ACTIVITY:
Please find the lines in the following records that hold "HFOV", and copy them.
---+---
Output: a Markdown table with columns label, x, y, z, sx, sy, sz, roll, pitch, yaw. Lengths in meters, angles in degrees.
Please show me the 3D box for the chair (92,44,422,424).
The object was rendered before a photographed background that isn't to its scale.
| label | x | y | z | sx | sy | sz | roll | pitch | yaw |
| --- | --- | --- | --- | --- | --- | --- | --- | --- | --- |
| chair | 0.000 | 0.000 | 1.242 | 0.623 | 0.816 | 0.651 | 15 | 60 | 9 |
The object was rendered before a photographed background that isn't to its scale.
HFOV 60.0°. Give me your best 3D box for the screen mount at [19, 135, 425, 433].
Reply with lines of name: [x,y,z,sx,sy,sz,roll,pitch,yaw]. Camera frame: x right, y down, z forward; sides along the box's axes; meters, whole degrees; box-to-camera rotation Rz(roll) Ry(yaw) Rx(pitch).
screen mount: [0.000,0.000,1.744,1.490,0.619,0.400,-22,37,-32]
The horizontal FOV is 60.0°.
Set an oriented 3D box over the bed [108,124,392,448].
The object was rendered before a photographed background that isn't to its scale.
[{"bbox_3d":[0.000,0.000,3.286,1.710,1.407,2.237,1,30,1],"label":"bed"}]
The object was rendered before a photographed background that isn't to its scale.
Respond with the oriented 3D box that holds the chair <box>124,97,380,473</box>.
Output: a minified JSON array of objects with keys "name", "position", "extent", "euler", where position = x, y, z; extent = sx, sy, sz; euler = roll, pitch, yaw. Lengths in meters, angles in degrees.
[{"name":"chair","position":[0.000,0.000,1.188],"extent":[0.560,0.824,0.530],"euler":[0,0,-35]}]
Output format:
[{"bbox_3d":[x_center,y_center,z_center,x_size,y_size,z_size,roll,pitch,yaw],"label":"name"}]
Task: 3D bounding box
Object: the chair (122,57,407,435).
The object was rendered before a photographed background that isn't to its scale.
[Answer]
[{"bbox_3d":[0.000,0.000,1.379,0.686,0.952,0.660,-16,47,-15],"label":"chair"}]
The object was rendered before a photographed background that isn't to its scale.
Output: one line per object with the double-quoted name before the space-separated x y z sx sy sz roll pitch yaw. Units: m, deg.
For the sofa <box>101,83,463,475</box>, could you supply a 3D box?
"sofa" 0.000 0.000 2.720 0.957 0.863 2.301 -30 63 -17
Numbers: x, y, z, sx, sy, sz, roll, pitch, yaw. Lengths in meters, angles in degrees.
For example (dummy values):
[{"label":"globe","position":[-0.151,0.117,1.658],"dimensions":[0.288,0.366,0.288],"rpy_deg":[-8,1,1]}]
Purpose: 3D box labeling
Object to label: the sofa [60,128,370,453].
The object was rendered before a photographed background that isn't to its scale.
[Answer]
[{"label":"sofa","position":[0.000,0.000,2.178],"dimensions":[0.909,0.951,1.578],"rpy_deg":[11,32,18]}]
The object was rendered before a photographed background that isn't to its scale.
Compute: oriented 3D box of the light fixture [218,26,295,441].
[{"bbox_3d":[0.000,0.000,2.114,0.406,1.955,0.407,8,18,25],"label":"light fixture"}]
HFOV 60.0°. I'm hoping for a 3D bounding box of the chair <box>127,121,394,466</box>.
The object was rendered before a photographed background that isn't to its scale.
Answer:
---+---
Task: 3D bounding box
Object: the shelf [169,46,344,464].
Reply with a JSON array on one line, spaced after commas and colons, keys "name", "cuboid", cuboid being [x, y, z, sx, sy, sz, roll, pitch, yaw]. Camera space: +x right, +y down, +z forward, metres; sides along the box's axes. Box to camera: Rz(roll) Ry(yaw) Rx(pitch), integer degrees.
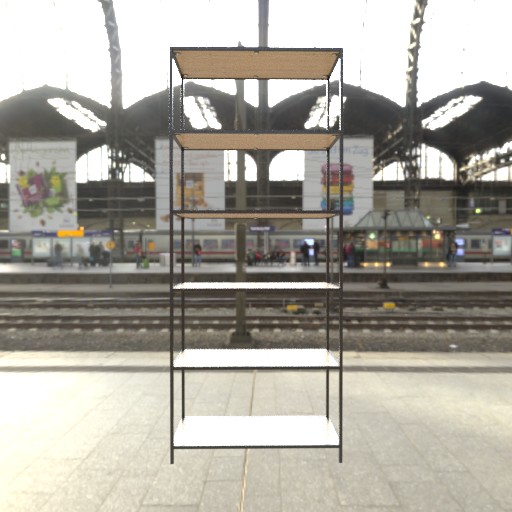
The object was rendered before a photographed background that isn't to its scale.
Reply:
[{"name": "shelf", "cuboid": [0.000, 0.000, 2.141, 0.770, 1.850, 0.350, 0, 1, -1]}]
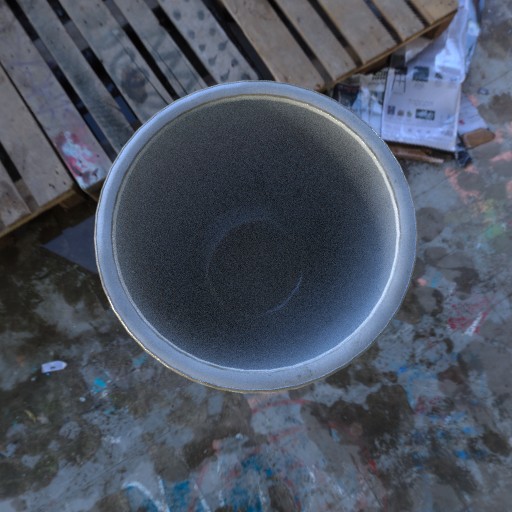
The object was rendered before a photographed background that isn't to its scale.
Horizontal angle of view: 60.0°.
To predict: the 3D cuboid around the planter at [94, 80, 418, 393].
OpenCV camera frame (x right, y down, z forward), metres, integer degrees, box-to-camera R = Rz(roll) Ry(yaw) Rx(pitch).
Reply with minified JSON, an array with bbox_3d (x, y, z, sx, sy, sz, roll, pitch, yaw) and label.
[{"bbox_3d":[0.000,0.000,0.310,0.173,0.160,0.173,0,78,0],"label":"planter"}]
---+---
ANSWER FOR THIS EXERCISE:
HFOV 60.0°. Give me your best 3D box for the screen mount at [19, 135, 425, 433].
HFOV 60.0°. I'm hoping for a 3D bounding box of the chair <box>127,121,394,466</box>.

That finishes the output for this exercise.